## Problem requirements
Look through the data that follows and copy each line with the string "oriented".

(Records excerpted from a collection)
>>>
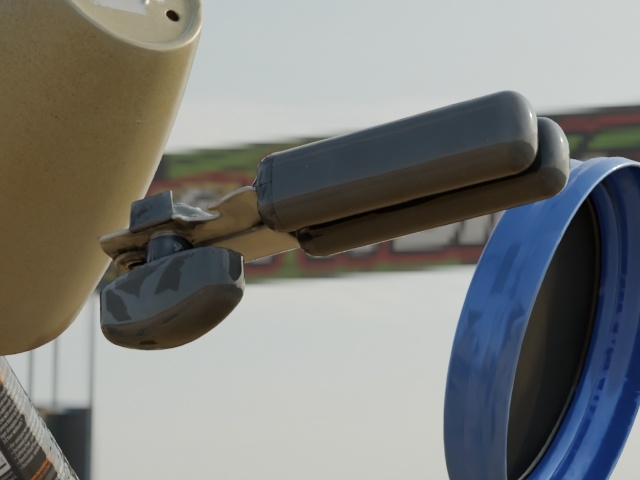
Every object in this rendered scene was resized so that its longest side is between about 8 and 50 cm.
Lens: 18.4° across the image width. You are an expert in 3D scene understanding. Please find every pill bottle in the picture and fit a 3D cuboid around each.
[{"bbox_3d":[-0.316,0.166,1.739,0.130,0.130,0.245,-7,-57,30],"label":"pill bottle"}]

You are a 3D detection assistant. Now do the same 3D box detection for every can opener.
[{"bbox_3d":[0.000,0.000,1.086,0.283,0.095,0.076,-14,-27,29],"label":"can opener"}]

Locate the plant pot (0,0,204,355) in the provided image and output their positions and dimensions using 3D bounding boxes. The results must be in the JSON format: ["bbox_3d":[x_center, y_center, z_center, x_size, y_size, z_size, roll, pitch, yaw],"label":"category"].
[{"bbox_3d":[-0.208,-0.099,1.387,0.256,0.256,0.274,9,-40,-37],"label":"plant pot"}]

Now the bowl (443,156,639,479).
[{"bbox_3d":[0.234,0.104,1.938,0.077,0.391,0.391,15,-4,27],"label":"bowl"}]
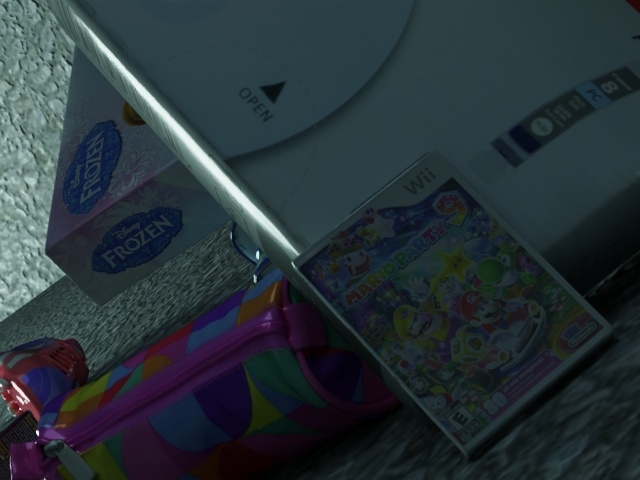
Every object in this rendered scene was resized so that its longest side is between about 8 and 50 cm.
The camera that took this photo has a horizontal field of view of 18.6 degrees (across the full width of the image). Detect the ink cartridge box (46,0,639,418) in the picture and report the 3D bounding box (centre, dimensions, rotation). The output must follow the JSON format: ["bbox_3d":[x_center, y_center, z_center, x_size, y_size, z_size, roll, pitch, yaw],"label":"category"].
[{"bbox_3d":[0.096,-0.142,1.002,0.385,0.308,0.091,-39,-25,-10],"label":"ink cartridge box"}]

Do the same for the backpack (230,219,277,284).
[{"bbox_3d":[0.000,0.000,1.273,0.105,0.114,0.084,-29,30,35],"label":"backpack"}]

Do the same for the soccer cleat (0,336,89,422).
[{"bbox_3d":[-0.255,0.124,1.815,0.095,0.083,0.248,-33,4,-11],"label":"soccer cleat"}]

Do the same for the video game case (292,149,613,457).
[{"bbox_3d":[0.058,0.026,0.873,0.087,0.122,0.011,-38,-23,-11],"label":"video game case"}]

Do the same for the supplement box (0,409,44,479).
[{"bbox_3d":[-0.248,0.180,1.519,0.083,0.055,0.043,-41,9,-37],"label":"supplement box"}]

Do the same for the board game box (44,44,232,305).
[{"bbox_3d":[-0.052,-0.140,1.423,0.318,0.066,0.318,-33,29,18],"label":"board game box"}]

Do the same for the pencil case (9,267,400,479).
[{"bbox_3d":[-0.061,0.091,1.063,0.236,0.104,0.104,-32,9,36],"label":"pencil case"}]
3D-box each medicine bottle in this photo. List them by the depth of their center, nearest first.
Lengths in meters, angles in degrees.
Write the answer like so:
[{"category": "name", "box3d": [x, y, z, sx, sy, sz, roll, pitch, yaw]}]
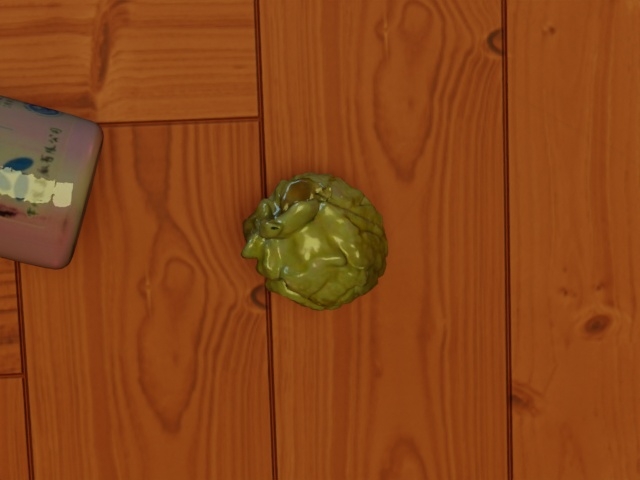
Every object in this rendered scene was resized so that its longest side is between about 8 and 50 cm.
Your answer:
[{"category": "medicine bottle", "box3d": [-0.341, -0.071, 1.347, 0.254, 0.152, 0.152, 16, 97, -9]}]

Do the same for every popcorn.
[{"category": "popcorn", "box3d": [0.000, 0.000, 1.404, 0.135, 0.162, 0.141, 26, 55, 21]}]
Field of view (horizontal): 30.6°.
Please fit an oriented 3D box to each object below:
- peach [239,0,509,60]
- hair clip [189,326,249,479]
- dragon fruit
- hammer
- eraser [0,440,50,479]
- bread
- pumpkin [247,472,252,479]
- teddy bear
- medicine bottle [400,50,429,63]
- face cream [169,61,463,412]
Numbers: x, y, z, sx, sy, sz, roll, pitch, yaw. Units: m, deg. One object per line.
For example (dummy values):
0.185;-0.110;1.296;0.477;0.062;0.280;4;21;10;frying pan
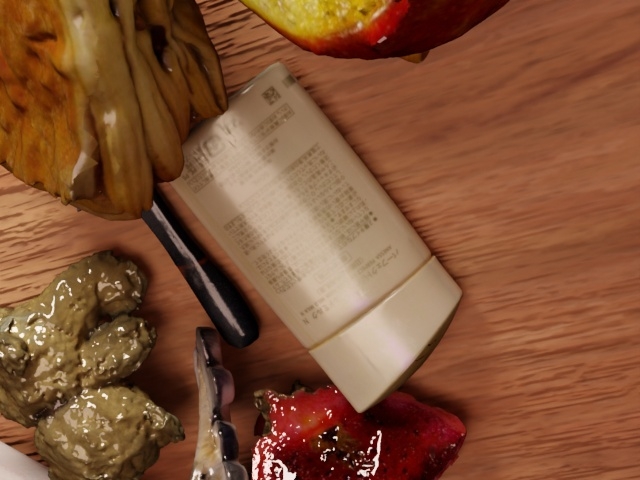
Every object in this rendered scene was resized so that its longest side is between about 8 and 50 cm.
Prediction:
0.032;-0.353;0.923;0.406;0.310;0.335;48;157;22;peach
-0.117;0.217;1.275;0.075;0.257;0.146;-1;145;-5;hair clip
0.009;0.245;1.299;0.211;0.262;0.134;51;163;17;dragon fruit
-0.166;0.004;1.311;0.137;0.037;0.290;-30;99;26;hammer
-0.343;0.374;1.448;0.270;0.095;0.174;19;105;29;eraser
-0.230;-0.224;1.102;0.314;0.191;0.370;27;132;47;bread
-0.086;0.363;1.367;0.190;0.146;0.190;2;100;14;pumpkin
-0.278;0.173;1.355;0.267;0.156;0.256;-30;101;25;teddy bear
0.026;-0.245;1.109;0.192;0.096;0.096;24;117;8;medicine bottle
0.000;0.000;1.220;0.173;0.081;0.348;-38;96;10;face cream
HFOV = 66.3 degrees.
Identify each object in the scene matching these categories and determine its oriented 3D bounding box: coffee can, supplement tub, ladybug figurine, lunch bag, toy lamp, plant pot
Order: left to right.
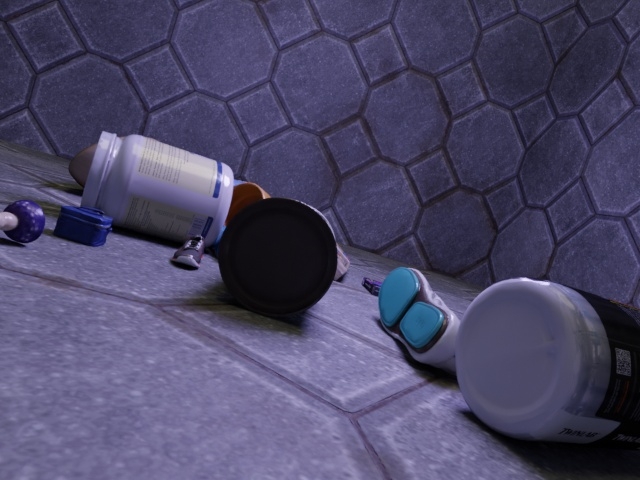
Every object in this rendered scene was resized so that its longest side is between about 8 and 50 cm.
[{"bbox_3d":[-0.489,-0.028,0.651,0.080,0.080,0.274,18,4,8],"label":"toy lamp"},{"bbox_3d":[-0.453,-0.032,0.946,0.098,0.065,0.067,17,4,-7],"label":"lunch bag"},{"bbox_3d":[-0.688,-0.244,1.716,0.305,0.162,0.449,-22,6,0],"label":"ladybug figurine"},{"bbox_3d":[-0.408,-0.127,1.238,0.324,0.235,0.235,17,4,-24],"label":"supplement tub"},{"bbox_3d":[-0.199,-0.045,1.505,0.205,0.205,0.188,21,-10,39],"label":"plant pot"},{"bbox_3d":[-0.068,0.022,0.952,0.201,0.202,0.275,18,3,0],"label":"coffee can"},{"bbox_3d":[0.375,0.180,0.689,0.338,0.207,0.207,16,4,-27],"label":"supplement tub"}]

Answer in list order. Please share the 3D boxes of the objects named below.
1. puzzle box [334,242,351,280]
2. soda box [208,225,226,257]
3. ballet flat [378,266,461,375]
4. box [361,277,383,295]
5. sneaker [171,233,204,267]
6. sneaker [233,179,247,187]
[{"bbox_3d":[0.000,0.000,1.706,0.272,0.052,0.409,51,5,1],"label":"puzzle box"},{"bbox_3d":[-0.241,0.010,1.286,0.067,0.071,0.210,16,4,-26],"label":"soda box"},{"bbox_3d":[0.208,0.162,0.971,0.139,0.139,0.400,17,8,-6],"label":"ballet flat"},{"bbox_3d":[0.203,0.158,1.555,0.116,0.029,0.162,17,5,-9],"label":"box"},{"bbox_3d":[-0.280,0.016,1.057,0.061,0.065,0.158,17,4,-12],"label":"sneaker"},{"bbox_3d":[-0.350,-0.166,1.624,0.330,0.130,0.147,17,1,5],"label":"sneaker"}]
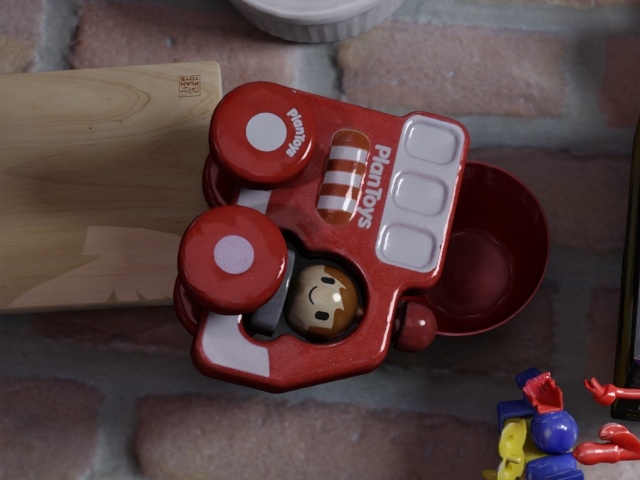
<<<
## Written answer
Please fit an oriented 3D box to each object below:
Identify each object in the scene matching these categories and determine its oriented 3D bounding box: coffee can, supplement tub, ladybug figurine, lunch bag, toy lamp, plant pot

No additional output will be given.